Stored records
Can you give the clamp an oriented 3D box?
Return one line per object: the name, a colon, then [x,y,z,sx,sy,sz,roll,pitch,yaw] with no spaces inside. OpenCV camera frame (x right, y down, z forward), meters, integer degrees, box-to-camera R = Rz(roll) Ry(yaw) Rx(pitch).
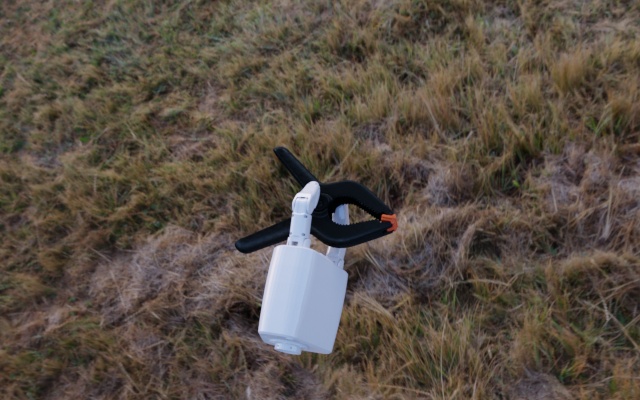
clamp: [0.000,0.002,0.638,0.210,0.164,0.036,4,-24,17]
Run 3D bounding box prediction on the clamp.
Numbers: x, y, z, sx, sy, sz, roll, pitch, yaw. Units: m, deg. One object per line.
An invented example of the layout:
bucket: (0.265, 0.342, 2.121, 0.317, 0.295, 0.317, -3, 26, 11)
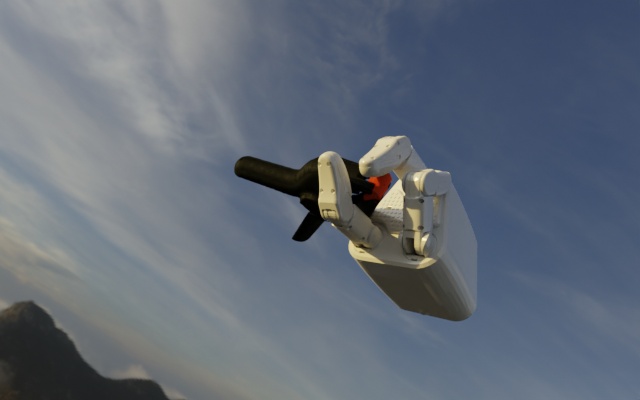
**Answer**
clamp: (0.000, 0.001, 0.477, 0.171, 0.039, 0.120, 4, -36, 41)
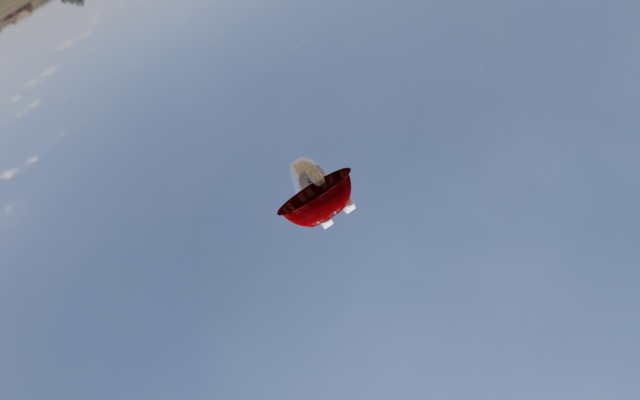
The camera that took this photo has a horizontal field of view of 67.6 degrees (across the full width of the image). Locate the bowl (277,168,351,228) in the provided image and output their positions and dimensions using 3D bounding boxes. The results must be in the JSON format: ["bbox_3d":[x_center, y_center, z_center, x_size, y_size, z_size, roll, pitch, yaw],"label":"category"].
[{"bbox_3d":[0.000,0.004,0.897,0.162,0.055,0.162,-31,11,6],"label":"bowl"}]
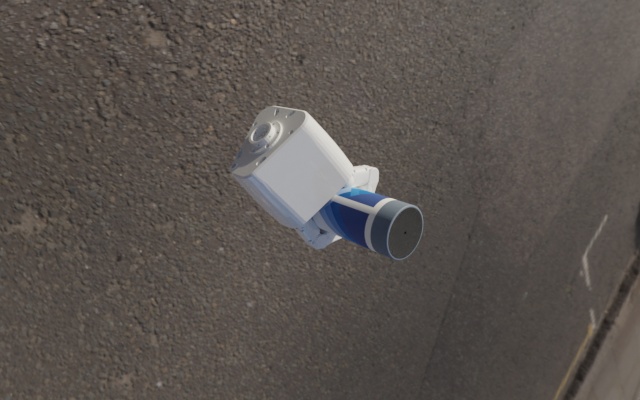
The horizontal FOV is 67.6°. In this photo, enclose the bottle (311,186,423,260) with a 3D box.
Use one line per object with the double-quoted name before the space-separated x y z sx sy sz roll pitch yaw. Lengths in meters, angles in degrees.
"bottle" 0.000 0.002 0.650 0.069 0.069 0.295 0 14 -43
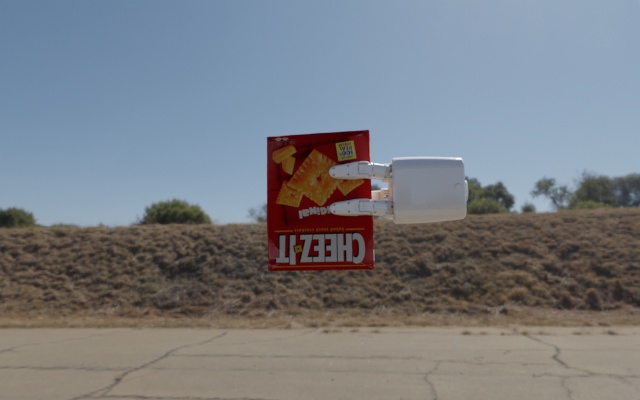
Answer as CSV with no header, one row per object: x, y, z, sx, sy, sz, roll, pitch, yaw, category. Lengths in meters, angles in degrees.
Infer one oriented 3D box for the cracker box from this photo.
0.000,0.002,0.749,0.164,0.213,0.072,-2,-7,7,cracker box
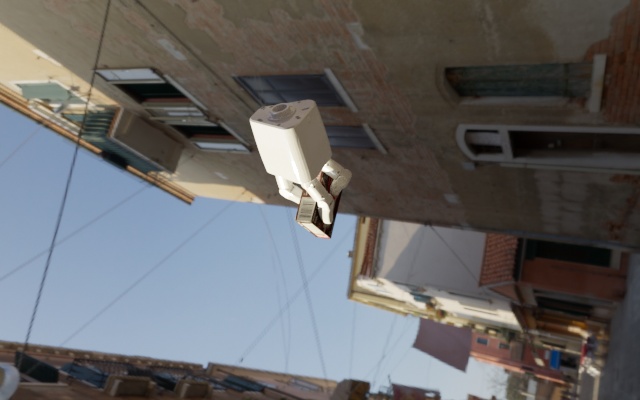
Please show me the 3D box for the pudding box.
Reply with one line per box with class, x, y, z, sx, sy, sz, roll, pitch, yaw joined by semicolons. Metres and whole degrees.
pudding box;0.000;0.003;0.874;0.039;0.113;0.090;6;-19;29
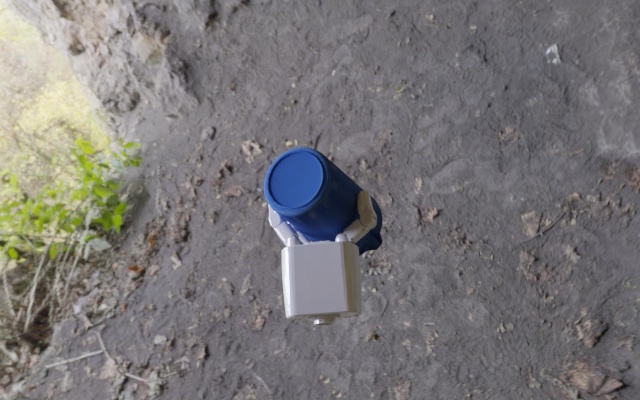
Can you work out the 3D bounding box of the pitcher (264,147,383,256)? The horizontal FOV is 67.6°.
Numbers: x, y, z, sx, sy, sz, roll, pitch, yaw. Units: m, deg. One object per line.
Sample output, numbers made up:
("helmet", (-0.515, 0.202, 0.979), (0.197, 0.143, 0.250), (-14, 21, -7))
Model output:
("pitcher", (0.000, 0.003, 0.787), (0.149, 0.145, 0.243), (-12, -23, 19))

(PROBLEM TO SOLVE): Retype all the data exactly; skip the pictures.

(REPLY TO THE TASK):
Can you give the clamp an oriented 3D box?
Return one line per object: the name, a colon, then [x,y,z,sx,sy,sz,roll,pitch,yaw] with no spaces inside. OpenCV camera frame (x right, y down, z forward), meters, integer degrees, box-to-camera R = Rz(roll) Ry(yaw) Rx(pitch).
clamp: [0.000,0.002,0.638,0.210,0.164,0.036,4,-24,17]
Run 3D bounding box prediction on the clamp.
Numbers: x, y, z, sx, sy, sz, roll, pitch, yaw. Units: m, deg. One object per line.
An invented example of the layout:
bucket: (0.265, 0.342, 2.121, 0.317, 0.295, 0.317, -3, 26, 11)
**Answer**
clamp: (0.000, 0.001, 0.477, 0.171, 0.039, 0.120, 4, -36, 41)
The camera that took this photo has a horizontal field of view of 67.6 degrees (across the full width of the image). Locate the bowl (277,168,351,228) in the provided image and output their positions and dimensions using 3D bounding boxes. The results must be in the JSON format: ["bbox_3d":[x_center, y_center, z_center, x_size, y_size, z_size, roll, pitch, yaw],"label":"category"].
[{"bbox_3d":[0.000,0.004,0.897,0.162,0.055,0.162,-31,11,6],"label":"bowl"}]
The horizontal FOV is 67.6°. In this photo, enclose the bottle (311,186,423,260) with a 3D box.
Use one line per object with the double-quoted name before the space-separated x y z sx sy sz roll pitch yaw. Lengths in meters, angles in degrees.
"bottle" 0.000 0.002 0.650 0.069 0.069 0.295 0 14 -43
Answer as CSV with no header, one row per object: x, y, z, sx, sy, sz, roll, pitch, yaw, category. Lengths in meters, angles in degrees.
Infer one oriented 3D box for the cracker box from this photo.
0.000,0.002,0.749,0.164,0.213,0.072,-2,-7,7,cracker box
Please show me the 3D box for the pudding box.
Reply with one line per box with class, x, y, z, sx, sy, sz, roll, pitch, yaw joined by semicolons. Metres and whole degrees.
pudding box;0.000;0.003;0.874;0.039;0.113;0.090;6;-19;29
Can you work out the 3D bounding box of the pitcher (264,147,383,256)? The horizontal FOV is 67.6°.
Numbers: x, y, z, sx, sy, sz, roll, pitch, yaw. Units: m, deg. One object per line.
Sample output, numbers made up:
("helmet", (-0.515, 0.202, 0.979), (0.197, 0.143, 0.250), (-14, 21, -7))
Model output:
("pitcher", (0.000, 0.003, 0.787), (0.149, 0.145, 0.243), (-12, -23, 19))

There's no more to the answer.